愛とか平和とか神様とか

新年度もまもなく1月が過ぎようとしていて、ふと2年前に神戸に来たときのことを思い出すと、もっぱら記憶に残っているのが妙な宗教関係の団体やら自己啓発サークルやらに絡まれまくったこと。
時期的にも適切なので、一通り自分が関与した団体を列挙してみる。

一番最初に遭遇したのが大学のサークル勧誘で、「哲学工房」なる名前のサークルにちょっとばかり顔を出してみたところ、いきなり「死とはなんぞや」みたいなことを真面目に議論されて戸惑った。
いや、それが大事なことであるのはわかるけど、新顔数人連れてきといていきなりそんなヘビーな話題を真顔でやられても付いていける人間の方が少ないと思うわけで。
以前キルケゴール(『死に至る病』とかいう絶望的感情に関する著書を残した人)に関するレポートを書く機会があったので議論ができないことは無かったけれど、周囲の人間の温厚さというか態度がぺらんぺらんなものに見えたので、2回ほどの議論をやったあとに付き合いきれんと思って「悪いけど抜けさせてもらいます」と連絡したら手のひら返したように目の敵。
それで哲学を語るとか、へそで茶を沸かす。

その次にはいくつかの大学生メンバーから構成されている「家族」をモットーにする自己啓発サークルみたいなのに誘われてみたんだが、ここは胡散臭く無い代わりに、妙に人間関係を深追いする。
「世界全員家族だと思えば戦争とかないよね?」なんて真面目に抜かしてきたので、これは重症だと思ってそそくさと逃げた。
悪い連中ではないのは確かなんだが、「家族」という単語に一片の汚れも無いように語るサマを見て、別の人種なんだなと思った。
「家族」という言葉にかこつけて、不必要なことまで尋ねてくる連中を受け入れろと言う方が無理というものだ。

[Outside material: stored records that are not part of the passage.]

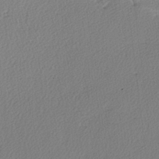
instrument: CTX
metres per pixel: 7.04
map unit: lAa
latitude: -3.1242
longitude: -126.5168

さらにはかの有名なエホバの証人とも関わったことがある。
そもそもなぜかは解らないが、彼らから頻繁に声をかけられる。
そんなに神様に飢えているような風体にでも見えるのだろうか。
聖書を勉強したい人ならともかく、基本的に唯一神の信念が気に入らないので丁重にお引取り願った。
彼らはいちいち自宅まで訪問してくるので気をつけるべき。
もしかすると昨今の新聞屋よりも頻繁に訪ねてくる。

極めつけがエホバの証人と並ぶ異端で評判の、統一協会系列の団体とも遭遇した。
統一協会といえば、法的判例を探していけばすぐにでも見つかる宗教団体。
最初は何てこと無い街頭アンケートで引きとめ、連れて行かれてみればアンケート内容そっちのけの教習とか受けられる。
彼らは統一協会系列であることは一切口に出さないが、壁面のポスターとか見れば韓国人のオッサンの写真の上に「統一」とかデカデカと書かれているので、見る人が見ればすぐわかる。
興味本位で教義ビデオまで見たが、「そんなわけ無いだろ」と言いたくなる理屈の列挙で納得しろと言う方が無理。
よくこんなものを真面目に勉強する気になるものだと思った。
これまた内部の人間は一見悪い人には見えないのだが、「神様の愛」とか普通に言う神経が自分には理解できなかった。
彼らは神戸三宮でよくアンケートを取りつつ、信者を募っている模様なので注意されたし。
彼らは「follow your heart」という団体名で活動中。

神様とか愛とかに困ってる人で無い限りは、スッパリ手早く手を切ったほうが無難。
ある人が歌ったものだが「あなたがもし本当に神様みたいな人なら、そんなところに座っていないで、祈っていないで今すぐここに来て」とあるように、
あるいは悪しきものが根絶すると言う最後の審判を2000年以上待ち続ける人々と同じだけの忍耐力は持ち合わせていないので、
そして哲学的にはニーチェのニヒリズムに共感を覚える人間として、彼らには悪いが私には理解できない領域である。